Specifically, the Capital Management Committee proposed granting permission to ACV to distribute dividends in the form of shares. This measure aims to assist ACV in bolstering its own capital for the execution of crucial national projects and large-scale initiatives such as the Long Thanh International Airport, Port project, passenger terminal T3 at Tan Son Nhat International Airport, and the expansion of terminal T2 at Noi Bai International Airport.

Implementing the distribution according to existing regulations would render ACV incapable of meeting the capital requirements necessary for the timely completion of investments and constructions. This is particularly critical for the completion and operation of Phase 1 of the Long Thanh International Airport project by 2025.

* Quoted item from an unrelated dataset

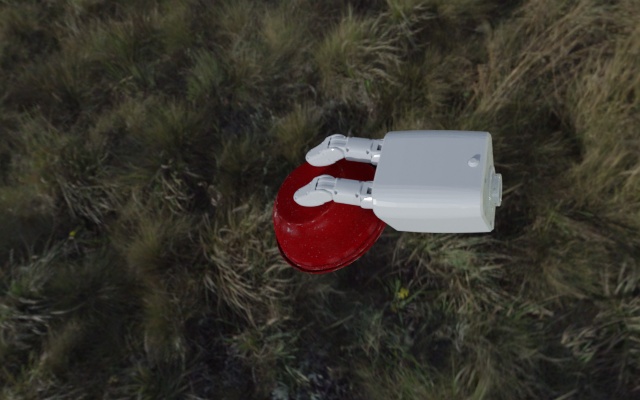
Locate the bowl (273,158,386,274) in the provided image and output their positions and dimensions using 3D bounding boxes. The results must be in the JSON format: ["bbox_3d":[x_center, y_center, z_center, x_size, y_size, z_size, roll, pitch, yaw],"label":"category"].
[{"bbox_3d":[-0.001,0.002,0.567,0.162,0.162,0.055,0,-31,36],"label":"bowl"}]

Under the current regulations, enterprises with the State holding over 50% of charter capital or total voting shares must distribute profits and dividends in a specific order, including allocating the remaining profits as dividends and cash profits to shareholders and capital-contributing members. Dividends and profits in cash for the state-contributed capital are to be paid into the state budget as per regulations.

To address this challenge, the Ministry of Finance suggested drafting a decree to amend and supplement certain articles of Decree 91. The proposed amendments primarily focus on regulations for joint stock companies with more than 50% of charter capital held by the State. The intent is to allow the distribution of remaining profits as dividends to shareholders in the form of cash or shares.

The Ministry of Finance explicitly stated that the option of distributing dividends in shares is applicable only to joint stock companies engaged in important national projects approved by competent authorities and endorsed by the Prime Minister for dividend payment in shares.